I know that there is a complexity with the varying number of patients each year but if plotted in the aggregate and by hospital there is not enough variation, I think, to cause a problem.

The chart I suggest has some advantages. It would show performance over time in a manner transparent to NHS users. Every time the data comes in issue we could look and see that we have the same chart as last time we looked with new data added. We could see the new data in the context of the experience base. That helps build trust in data. There would be no need for an ad hoc analysis every time a question was raised. Further, the “training” data would give us the residual process variation empirically. We would not have to rely on simplifying assumptions such as the Poisson distribution when we are looking for a surprise.

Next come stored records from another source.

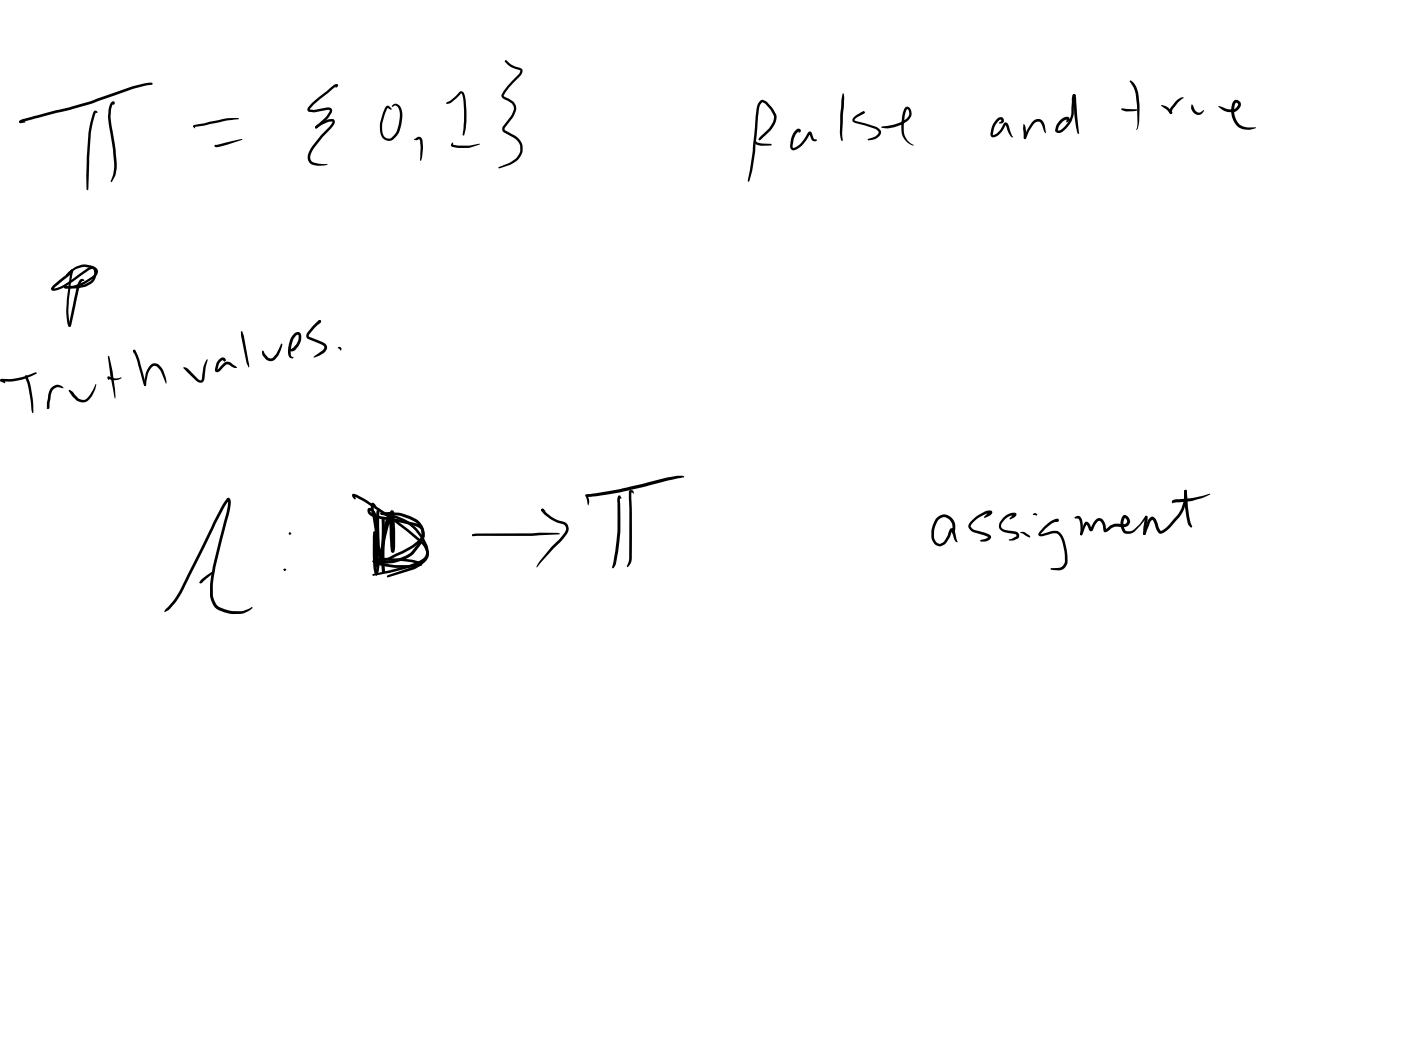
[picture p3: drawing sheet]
<svg xmlns="http://www.w3.org/2000/svg" width="108mm" height="81mm" viewBox="0 0 108 81" stroke-linecap="round" stroke-linejoin="round" font-family="sans-serif">
<g fill="#000">
<path d="M1.5 9.3l.2 .1v.1l-.2-.1zM1.5 9.3l.3-.1 5.1-1.4 .8-.3a16.3 16.3 0 0 1 3.8-1.1h.2l.1 .1-.3 .1a18.7 18.7 0 0 0-3.7 1.1l-2.4 .8-3.8 1-.1-.1zM1.5 9.3l.5 .1-.4 .1zM7.2 8.6l.2-.1 .1 .1v.1h-.1l-.1 .1a8.9 8.9 0 0 0-.4 2.8l-.1 3-.1 .1v-.1l-.1-1.1 .1-1.4a11 11 0 0 1 .4-3.2zM8.6 7.9l.1-.1 .1 .1-.1 .2v-.1l-.1 .4-.1 .6 .4 2.7a3 3 0 0 1-.2 2.3h-.1h-.1a2.65 2.65 0 0 0 .3-1.4l-.5-3.5 .1-.8zM14.9 9.7l1-.2a7.3 7.3 0 0 1 2.5-.4l-2.7 .6-.7 .1v-.1v.2l-.1-.1zM16.6 11.2l2.1-.5-1.8 .6h-.3l-.1-.1zM16.5 11.2l.1-.1 .1 .1-.1 .1zM24.3 9.7l.2-.1a1.75 1.75 0 0 1 1.1-.4l.2 .1a.58 .58 0 0 1-.3 .6 5.6 5.6 0 0 0-1.6 2 .44 .44 0 0 0 .3 .6l1 .2-.6 .1-.5-.1a.62 .62 0 0 1-.3-.9v-.2a6.7 6.7 0 0 1 1.6-1.9l.2-.3h-.4l-.6 .4a.17 .17 0 0 1-.3 0zM25.9 6.5l.2 .1-.2 .2zM24.1 7.9l1.6-1.3a.19 .19 0 0 1 .2-.1 .19 .19 0 0 1 .1 .2l-.1-.1v.1l-1.7 1.3-.3 .4 .3 .1 1.1-.2 .3 .1v.2l-.3 .5-.8 .7a.1 .1 0 0 1-.1 .1 .11 .11 0 0 1-.1-.2l.8-.7 .3-.5h-.2l-1 .2-.4-.1-.1-.3zM29.7 8.2h.3l.2 .2-.1 .1-.2-.2-.4 1a1.11 1.11 0 0 0 .3 1.3h.4a1.56 1.56 0 0 0 .5-1.1l.1-.6v-.5l-.3-.3-.3 .1a.26 .26 0 0 1 .2-.2 .26 .26 0 0 1 .3 .1l.1 .1 .2 .4-.1 1a1.63 1.63 0 0 1-.7 1.2 .72 .72 0 0 1-.9-.8v-.6z"/>
<path d="M31.9 10.7l.2-.1a.28 .28 0 0 1 .3 0 .28 .28 0 0 1 .2 .3v.5a1.45 1.45 0 0 1-.2 1v-1.6l-.1-.1-.2 .1zM34.4 7.9l.4-.2 .6-.6 .2-.1a.45 .45 0 0 1 .2 .5l.1 1.1a4.5 4.5 0 0 1-.2 1.9l-.1-.1a10.1 10.1 0 0 0 .1-2.9l-.2-.3-.8 .7-.3 .1zM34.8 11h.1v.2h.4l1.7-.1-.8 .3h-.9l-.5-.1zM39 4.6v.2l-.1-.1zM39 4.6l.5 .4 .7 .3a.39 .39 0 0 1-.2 .6l-.8 .8-.4 .6 .3 .3a.81 .81 0 0 1 .6 1l-.2 .5-.6 .8v.1a2.06 2.06 0 0 1 1.4 1.3 1.14 1.14 0 0 1-.4 1l-.6 .4-.7 .3-.2-.1 .9-.4 .5-.3 .3-.5v-.5a2.21 2.21 0 0 0-1.3-1l-.1-.4 .7-.9 .2-.5-.1-.4-.8-.4-.1-.3 .5-.7 .9-.9 .1-.2-.9-.4-.3-.3zM58.2 10.9l.4 .1 .9 .1-.7 .1a.49 .49 0 0 1-.6-.3zM58.6 7.8a.45 .45 0 0 1 .6 .2l.4 .4 .2 .5a1.51 1.51 0 0 1-.4 1.2l-.8 .7h-.1v-.1l.7-.8a1.1 1.1 0 0 0 .4-1l-.3-.6-.3-.3-.3-.1-.2 .5-.3 2.8a10 10 0 0 1-.5 2.8l-.1-.1 .4-2.3 .3-3.2 .1-.4zM58.5 10.7h.1l-.1 .1zM58.5 10.7h.1l-.1 .1v-.1zM61.3 10a.18 .18 0 0 1 .3-.1 .18 .18 0 0 1 0 .3l-.1-.1a1.22 1.22 0 0 0-.4 .9v.3l.1 .1a1.66 1.66 0 0 0 .8-.7l.2-.4a.18 .18 0 0 1 .2-.2 .18 .18 0 0 1 .2 .2l.1 .4 .3 .1-.2 .1-.2-.1-.2-.5-.2 .5a1.53 1.53 0 0 1-1.1 .8l-.2-.2a1.77 1.77 0 0 1 .4-1.4zM64.9 7.2h.1v.4l-.1 2.7v.5v.1l-.2-.7v-1.3zM66.5 8.6l.1 .1h-.1z"/>
<path d="M66.5 8.6h.1v.1h-.1zM65.8 9l.8-.4v.1l-.6 .4-.2 .2 1.7 .5a.42 .42 0 0 1 .4 .3 .42 .42 0 0 1-.1 .4 .94 .94 0 0 1-1 .3l.7-.3 .2-.4-.2-.2-1.4-.4a.34 .34 0 0 1-.4-.3zM67.9 9.7l1.4-.2a.85 .85 0 0 0 .8-.8l-.2-.3-.2 .5-.1 1.1a1.29 1.29 0 0 0 .8 1.2 1.11 1.11 0 0 1-.9-1v-1.2a.75 .75 0 0 1 .4-.8h.1a.7 .7 0 0 1 .2 .7 .7 .7 0 0 1-.5 .6l-1.2 .4h-.6zM76.8 9.2l.1-.1a.25 .25 0 0 1 .4 .1 .25 .25 0 0 1-.2 .3h-.1l.1-.2v-.1l-.1 .1a1.52 1.52 0 0 0-.5 1.1l.4-.2 .4-.7 .2-.1 .2 .2 .4 1-.2-.1-.2-.3-.2-.6-.1 .3a1.07 1.07 0 0 1-.9 .7l-.1-.1a1.42 1.42 0 0 1 .4-1.3zM78.9 9.6a1.42 1.42 0 0 1 .2 1l-.1 .1a.43 .43 0 0 1-.1-.5zM79.6 9.4l.4-.2 .3 .1 .2 .3 .1 .7-.2-.2-.2-.6-.1-.1h-.2l-.3 .3-.5 1h-.2l.2-.7zM78.9 10.6l.1-.1v.2h-.1zM82.7 7.3l.1-.1 .1 .2-.1 .8a2.07 2.07 0 0 1-1.1 2h-.2l-.2-.1a1.14 1.14 0 0 1 .9-1.1l.2 .1v.2l-.2 .1v-.2l-.3 .1-.3 .4-.1 .3h.3a1.86 1.86 0 0 0 .8-1.8zM82.7 7.3h.1l.1 .2 .3 2.8h-.1l-.1-.2-.2-1.1zM86.4 8.3l1.2 .2-.2 .1h-.7l-.3-.1zM87 6.2h.1a1.45 1.45 0 0 1 .6 1.2 6.3 6.3 0 0 1 0 2.5l-.2 .1 .1-.3a8.7 8.7 0 0 0-.3-3zM89.5 8.1l.5 .2 .3 .3v.2h-.1l-.7-.7z"/>
<path d="M90.6 7.8l.4-.3h.2l-.5 .4-.3 .5-.1 .3-.1-.1h.1v.2a.31 .31 0 0 1-.2-.3 .31 .31 0 0 1 .2-.3zM90.1 8.7l.2-.1v.1l-.1 .1zM91.8 8.1h.1l.2 .4 .2 .2h.2l.3-.2-.2 .2a.56 .56 0 0 1-.6 0 .56 .56 0 0 1-.2-.6zM93.9 8.2l.7 .2h.4l.4-.3-.1-.1h-.1a1.39 1.39 0 0 0 .7 1.8h.9a1.34 1.34 0 0 1-1.2 .1 1.53 1.53 0 0 1-.5-2.2h.2l.3 .2v.2l-.1 .2a.67 .67 0 0 1-.5 .3 1.15 1.15 0 0 1-.9-.2zM0 29.2h1.1l1.7-.5-.8 .5-.7 .1-1.2 .1v-.2l.3 .3-.4-.1zM1.9 29h.2v.3l-.2-.2zM1.9 29h.2a6.7 6.7 0 0 1 .5 2.6l-.1 .2-.1-.2a7.5 7.5 0 0 0-.5-2.5zM4 29.9v-.1a.58 .58 0 0 1 .9 0v.1l-.5-.1-.3 .3-.2 .4-.1 .9-.1 .1-.1-.1h.1h-.1v-.4l.1-.5zM5.3 20.9a2.06 2.06 0 0 1 1.1-.5l.9 .2a.41 .41 0 0 1 .1 .7 3.4 3.4 0 0 1-2.4 .9v-.1a3 3 0 0 0 2.1-.8l.2-.2 .1-.2-.4-.3h-.5l-.5 .1-.9 .5zM5.5 20.8h.1v.1l-.2 1.7a5.4 5.4 0 0 0 0 2.4v.2l-.1-.1a5.6 5.6 0 0 1-.1-2.5zM5.3 30l.3 .2 .4 .5 .3 .1a.56 .56 0 0 0 .7-.4l.4-.8-.3 .9a.83 .83 0 0 1-.7 .5 .83 .83 0 0 1-.8-.4l-.3-.5zM4.1 22l1.4-1.2h.1v.1l-.2 .3-1.3 1a3 3 0 0 0 1.6-.8l1.1-.8 .2-.1a.41 .41 0 0 1 .4 .2 .41 .41 0 0 1 0 .5v.1a.92 .92 0 0 1-.5 .6 2.93 2.93 0 0 1-1.9 .3v-.2a2.57 2.57 0 0 0 2-.4l.2-.5v-.4l-.3 .1-.5 .3a5 5 0 0 1-2.2 1.3 .21 .21 0 0 1-.3-.1 .21 .21 0 0 1 .2-.3z"/>
<path d="M6.2 21.6l.2-.1 .1 .1-.2 .1-.1 .3-.7 3-.1 .2-.1-.1 .4-2.1 .2-1zM8.3 29h.1l.5 .2 .5-.1-.6 .2-.5-.1 .1-.1v.2zM8.4 27.4l.3 1.3 .2 1.3v.7l-.4-1.8-.2-1.4zM10.3 27h.1l-.1 .2zM10.3 27h.1l.3 .7 .6 2h-.1l-.1-.1zM11.6 28.1l.2-.1h.2l.4 .3 .4 .8v.4l-.5-1-.2-.3h-.2l-.4 .4-.2 1.1h-.2l.1-1zM14.1 28.3l.4 .1 .9 .9h.1l.1-.3a2.32 2.32 0 0 1 .3-1.3h.1l-.2 1.2a.37 .37 0 0 1-.1 .5 .37 .37 0 0 1-.4 .1zM16.9 27.7l.3-.2 .2 .2-.1 .2-.2-.1a.79 .79 0 0 0-.3 .6v.1l.4-.5 .3-.1h.3l.5 .4a.45 .45 0 0 1-.6-.2h-.3l-.6 .6a.2 .2 0 0 1-.2-.1 .2 .2 0 0 1 0-.2l.1-.5zM17.2 27.7h.2v.1h-.2zM18.6 25.5l.2 .4 .4 2.2v.2l-.2-.4-.4-2zM20.3 27l.3 .5 .4 .1 .3-.3 .4-.8v.2l-.2 .6a.64 .64 0 0 1-1 .4l-.3-.3v-.3zM22.6 25.7l.3-.1 .3 .1v.4l-.1 .3a1.01 1.01 0 0 1-.5 .7h-.2l-.1-.1 .3-.2 .3-.3 .1-.4v-.3l-.2 .1-.2 .3-.2 .8 .1 .5a.09 .09 0 0 1 .1 .1 .09 .09 0 0 1-.1 .1 .09 .09 0 0 1-.1-.1l-.1-.1a1.17 1.17 0 0 1 0-1l.1-.4z"/>
<path d="M24.6 24.7l.1 .1-.2 .2zM24.6 24.7h.1v.1h-.2zM24.4 24.9l.2-.2 .1 .1-.9 1v.1l1 .5 .3 .2a.46 .46 0 0 1-.2 .6l-.7 .3 .6-.5 .2-.3-.2-.2-1.1-.4-.1-.1 .1-.4zM26 26.8h.3v.2zM27.2 38.1h.3l1 .6a27.9 27.9 0 0 1 4.1 3l.2 .3 .2 .5a1.01 1.01 0 0 1-.9 1l-2.1 .6-1.3 .3v-.1l3.4-1a.88 .88 0 0 0 .7-.7l-.2-.6-1.2-1-1-.8-2.3-1.5-.9-.5zM27.1 38.1h.2l.1 .3v.1l-.2-.2zM28.4 39.2h.2l.2 .1h-.3l.1 .2a2.17 2.17 0 0 0 1.3 .4l2.1 .4 .4 .2 .3 .2a1.24 1.24 0 0 1-.4 1.5l-.6 .6-.9 .4-1.1 .2h-.7l-.3-.2 .1-.1 1 .1 1-.2 .8-.4 .5-.6a1.04 1.04 0 0 0 .3-1.2l-.5-.3-2-.4a1.88 1.88 0 0 1-1.5-.6zM28.6 38.8l.2 .1v.2l.3 1.7 .1 1.2v1.3l-.2 .4h-.1l.1-1.6-.1-1.2-.3-1.8zM28.6 38.8h.2l.2 .2-.1 .1-.2-.1zM29.1 39.2h.1l.1 .1v2.7l.2 1-.1 .2-.1-.1-.2-1zM29.3 39.5h.1a3.9 3.9 0 0 1 3.6 3v.4l-.1 .2-.8 .7-2.2 .7-.1-.1 .1-.1 2.1-.7 .6-.4 .2-.4a3.3 3.3 0 0 0-2.8-3l-.6-.1zM29.3 39.5h.2v.1h-.2z"/>
<path d="M29.9 39.5h.2l.1 .3 .1 2.6h-.1v-1.6l-.1-1.3h.2l-.6 1.9-.6 2.8-.1 .1-.1-.1 .2-.8 .9-3.9a.17 .17 0 0 1 .2-.2 .17 .17 0 0 1 .2 .2v2.8a.17 .17 0 0 1 0 .3 .17 .17 0 0 1-.3-.1zM41.7 39.2h.2l.3 .4a3.2 3.2 0 0 0 1.4 .7l.1 .1a.69 .69 0 0 1-.1 .9l-2.2 2.4h-.1a6.1 6.1 0 0 1 1.6-2l.6-.7 .1-.2v-.3l-1.3-.6-.5-.4zM41.7 39.2h.2l.1 .2h-.2zM45.1 38.1l2.6-.4 3.7-.9 .9-.1h.3l.1 .1-4.9 1.1-2.3 .4h-.3v-.2l.2 .5-.1 .3zM47.6 38.2h.2l.1 .2-.3-.1h.2v2.6l-.2 1.8a1.68 1.68 0 0 1-.3 1.1l-.1-.1 .2-1.2 .2-1.5v-2.5zM48.5 37.8h.2l.1 .2v.1l-.1-.2h-.1l.1 1.4v3.8l-.1 .3-.3 .3v-.1l.2-.5zM74.9 40.1l.8-.6a.54 .54 0 0 1 .8 0l-.2 .2-.4 .2-.1-.1 .4-.4 .1 .2h-.3l-.6 .3-.6 .6 .2 .3 1.1 .3a.28 .28 0 0 1 .3 .3 .28 .28 0 0 1-.4 .3h-.4h-.1l.7-.3-1-.3a.52 .52 0 0 1-.6-.4 .52 .52 0 0 1 .3-.6zM77.3 39.9l.1-.1a.75 .75 0 0 1 .9-.2l-.1 .2-.4 .2 .3-.4 .1 .1-.6 .2-.4 .5-.1 .2 .2 .2 1.1 .2 .1 .2v.2l-.4 .2-.3 .1-.1-.1 .6-.3-.1-.1-.4-.1a.95 .95 0 0 1-.8-.4 .8 .8 0 0 1 .3-.8zM79.6 39.6l.2-.1 .1 .2h-.3zM82.8 39.8h.2a.42 .42 0 0 1 .4 .5v.9h-.1h-.1v-1.1l-.1-.1h-.2zM88.2 39.8h.2v.1l-.1 1a.22 .22 0 0 1-.2 .3zM90.3 38.6l1.6-.2 1.4-.3-.7 .3-.8 .2-1.4 .1v.1l-.1-.1z"/>
<path d="M91.3 37.8v-.1l.2 .2 .1 1.9 .3 .8-.1 .1-.2-.3-.2-.5zM17.5 38.4h.2a1.72 1.72 0 0 1-.1 1.4l-1.1 4.6a2.8 2.8 0 0 0 .1 2.1l.2 .2a2.86 2.86 0 0 0 1.7 .4l.9-.3h.1l-.4 .3a2.61 2.61 0 0 1-2.4-.2 1.68 1.68 0 0 1-.5-1.2v-.8l.2-1.2 .9-3.7a2.21 2.21 0 0 0 .2-1.5h.2l-1 1.8-2.1 4.2a7.8 7.8 0 0 1-1.5 2.4l-.4 .3v-.1l.2-.3a5.5 5.5 0 0 0 1.2-1.8l2.4-4.8zM15.5 44.7l.9-.7 .1 .1-1.1 .9-.1-.1zM21.8 43.9l.1-.1 .1 .1v.1zM21.8 43.9l.1-.1 .1 .1-.1 .1zM21.9 43.8l.2 .1-.2 .1zM22.3 41l.2 .1-.2 .1zM28.7 43.2l.4 .1a6.7 6.7 0 0 0 3.1 .1h.2l.1 .1-.1 .1-.5 .1a6.6 6.6 0 0 1-3.1-.3l-.1-.1zM28.7 43.2l.1-.1 .1 .2-.1 .1zM28.8 41h.1l.1 .1a7.8 7.8 0 0 0 0 2.5l.1 .7h-.2v-.1a8.9 8.9 0 0 1-.2-2.8zM28.8 41h.2v1.3l.1 .8 .1 .4v.1l-.2-.2-.1-.4-.1-.7zM29.1 39.2l.2 .1-.2 1.4 .1 2.1-.1 .1-.1-.1-.1-.7v-1.5z"/>
<path d="M29 44.1l.1 .1-.1 .1h-.1zM29.3 39.5h1.1a3.8 3.8 0 0 1 1.7 .5 1.28 1.28 0 0 1 .6 1v.1a.89 .89 0 0 1-.4 .8l-.5 .3-1.1 .6a3.1 3.1 0 0 1-1.5 .5l-.3-.1v-.1h.5l.6-.2 1.6-.8 .6-.5 .3-.4-.1-.6a1.51 1.51 0 0 0-.9-.6l-.8-.3h-1.3zM29.1 42.7l.1 .1-.1 .1-.1-.1zM28.7 39.4a.23 .23 0 0 1 .2 0 .23 .23 0 0 1 .1 .3l.2 1.5v1.7h-.2v-.3a11.1 11.1 0 0 0-.2-2.9v-.3l.1 .5 .3 .4-.4-.3-.2-.5zM29.4 39.9l.2 .1 .1 .8-.2 1.8v.5l-.1 .1-.1-.2 .1-.8zM29.9 39.5h.1v.2a12.2 12.2 0 0 0-.4 3.6v.8h-.1l-.1-.1a10.8 10.8 0 0 1 .3-3.7zM29.5 43.9l.2 .1-.1 .1-.2-.1zM29.4 39.9l.2 .1v4v-.1v.1l-.1 .1-.1-.1zM28.9 43.1l.3-.1h.9a4 4 0 0 1 2.4 .4v.2l-.2-.1a9.4 9.4 0 0 0-3.1-.3h-.3zM32.3 43.4h.2v.1l-.2 .1zM36.4 41.2l.1 .1h-.1zM36.4 41.2l5.1-.2 1.5 .1h.1l-2.1 .2h-4.5l-.1-.1z"/>
<path d="M36.4 41.2h.1l-.1 .1zM72.2 39.9a.9 .9 0 0 1 1.2 .1 .9 .9 0 0 1 .1 1.2l-.2-1-.3-.3h-.3a1.08 1.08 0 0 0-.7 1.2l.1 .6 .1 .1 .2 .1 .4-.3 .4-.7a.19 .19 0 0 1 .2-.2 .19 .19 0 0 1 .1 .2l.3 .9-.3-.2-.2-.7h.1l-.3 .7a.66 .66 0 0 1-.8 .5 .66 .66 0 0 1-.5-.7 2.06 2.06 0 0 1 .4-1.5zM78.6 41h.3l.5 .4h-.1zM80.5 40.6l.3-.3a.6 .6 0 0 1 .8-.2v.1a.13 .13 0 0 1-.2 0 .13 .13 0 0 1 0-.2l.1 .2a1.93 1.93 0 0 0-1.1 .7l-.2 .3 .8-.3a.77 .77 0 0 1 1 .7l.2 .9 .1 .8a.7 .7 0 0 1-.7 .6l-.7-.1 .8-.1 .2-.1 .2-.3-.1-.8a1.83 1.83 0 0 0-.5-1.4h-.4l-.7 .2a.23 .23 0 0 1-.3 .1 .23 .23 0 0 1-.1-.3zM83.6 40.3a.33 .33 0 0 1 .3 0 .33 .33 0 0 1 .2 .3v.1l-.1 .1 .4-.7 .3-.2 .3 .2 .2 .8-.1-.1 .2-.1a1.12 1.12 0 0 1 .8-.3l.7-.1 .1-.1-.2-.3-.1 .4v.4l.1 .2h.4l.7-.5 .4-.6h.2v.1l-.9 1a.66 .66 0 0 1-.8 .2 .66 .66 0 0 1-.4-.8l.1-.2a.35 .35 0 0 1 .3-.4 .35 .35 0 0 1 .4 .4l-.1 .3a.52 .52 0 0 1-.6 .2h-.5l-.4 .2a.3 .3 0 0 1-.5 .1l-.1-.5-.2-.3-.3 .3-.2 .4a.16 .16 0 0 1-.1 .1 .16 .16 0 0 1-.2-.1l-.2-.4-.3 .8h-.2zM83.2 41.1h.1l.1 .1h-.1zM88.7 39.9l.1-.1 .2 .1 .3 .8 .1 .2h.1a4.8 4.8 0 0 0 1.7-2.1v-.9l.1-.2 .1 .1a2.72 2.72 0 0 1-.7 2.3l-.7 .7-.5 .3h-.2l-.1-.2-.4-.9-.2 .2-.2 .6a.32 .32 0 0 1-.3 .4l.3-1zM88.1 41l.2 .1-.1 .1-.1-.1z"/>
<circle cx="82.8" cy="7.4" r=".11"/>
<circle cx="11.2" cy="29.7" r=".08"/>
<circle cx="30" cy="39.6" r=".11"/>
<circle cx="41.8" cy="39.3" r=".11"/>
<circle cx="29" cy="43.2" r=".1"/>
</g>
</svg>

There is a further point. The authors of the report recognise a signal against two criteria, an “Alert area” and an “Alarm area”. I’m not sure how clinicians and managers respond to a signal in these respective areas. It is suggestive of the old-fashioned “warning limits” that used to be found on some control charts. However, the authors of the report compound matters by then stating that hospitals “approaching the alert threshold may deserve additional scrutiny and monitoring of current performance”. The simple truth is that, as Terry Weight used to tell me, a signal is a signal is a signal. As soon as we see a signal we protect the customer and investigate its cause. That’s all there is to it. There is enough to do in applying that tactic diligently. Over complicating the urgency of response does not, I think, help people to act effectively on data. If we act when there is no signal then we have a strategy that will make outcomes worse.

Of course, I may have misunderstood the report and I’m happy for the authors to post here and correct me.

If we wish to make data the basis for action then we have to move from reactive ad hoc analysis to continual and transparent measurement along with a disciplined pattern of response. Medical safety strikes me as exactly the sort of system that demands such an approach.